The exhibition would not have been possible without Lucey’s discovery of Cameron’s work.  In the late 1970’s, while researching a book on women pioneers in the West, Lucey heard about a cache of glass-plate negatives belonging to Janet Williams, a 95-year-old farm woman in eastern Montana. One of the original homesteaders in the area, Williams had been Evelyn’s best friend and surrogate daughter. 

 

On Evelyn’s death, Williams stored away all of her friend’s 1,800’s negatives, 2,500 prints and private papers and resisted all efforts to make them public. Consequently, Evelyn’s work and name was almost entirely unknown.
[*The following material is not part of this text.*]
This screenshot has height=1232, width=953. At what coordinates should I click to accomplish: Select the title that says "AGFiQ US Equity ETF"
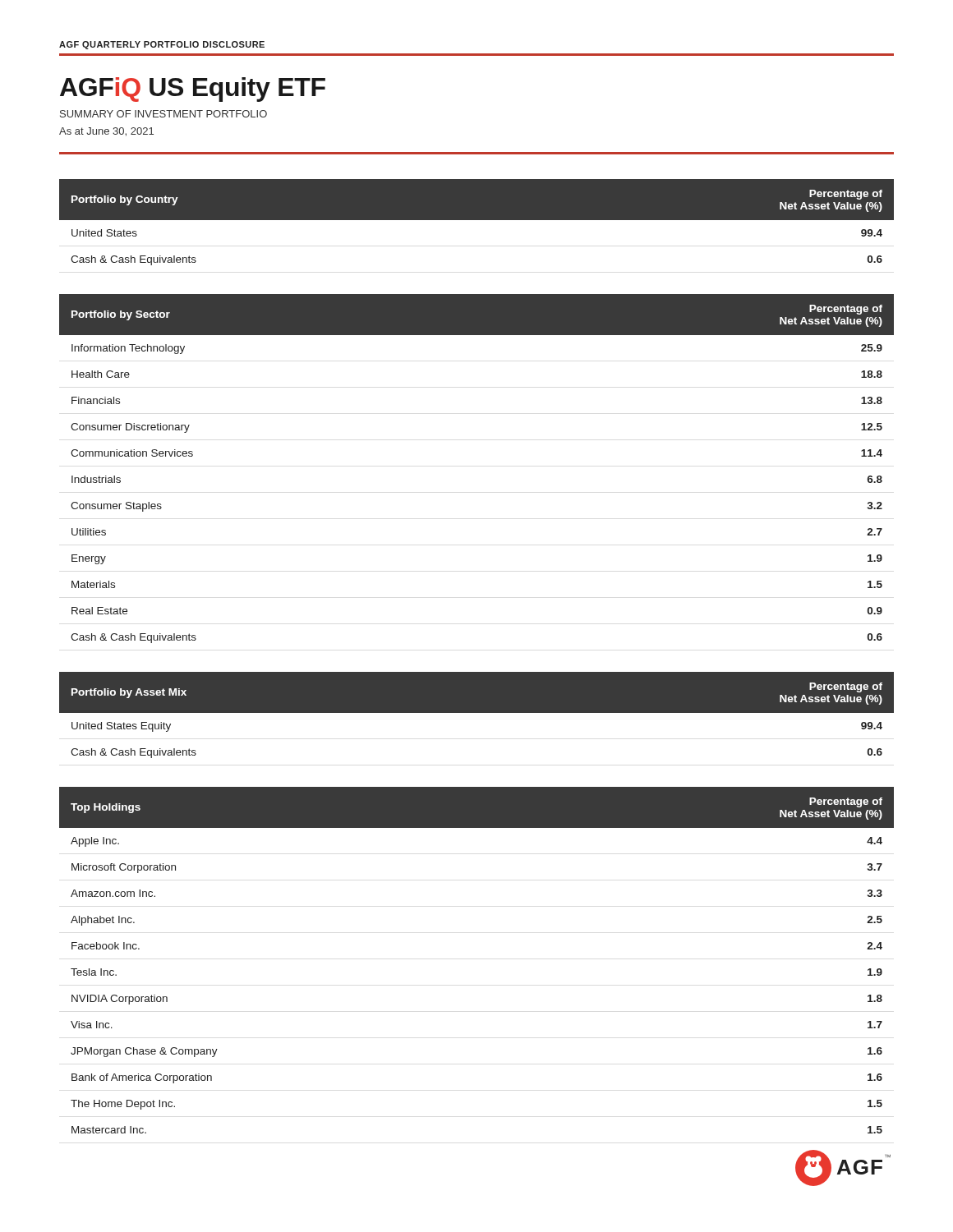193,87

After much persuasion, Williams finally allowed Lucey access to this historical treasure. The result was her book, Photographing Montana 1894-1928: The Life and Work of Evelyn Cameron, which won the Mountain and Plains Booksellers Association award for Best Work of Non-Fiction in 1991. She was also script consultant for an award-winning PBS documentary on Cameron.

 

Lucey is currently at work on a book about the lives of five extraordinary women painted by John Singer Sargent. Her most recent biography, Archie & Amelie:  Love and Madness in the Gilded Age, about which she lectured last year at Ventfort Hall, was a finalist as the Best Work of Non-Fiction, as well as the People’s Choice Award, at the 2007 Library of Virginia Literary Awards. Previous books include I Dwell in Possibility: Women Build a Nation, 1600 - 1920 and National Geographic Guide to America’s Great Houses.  Lucey has been interviewed on TV and has been a freelance writer and photo editor for numerous magazines and for several book publishers.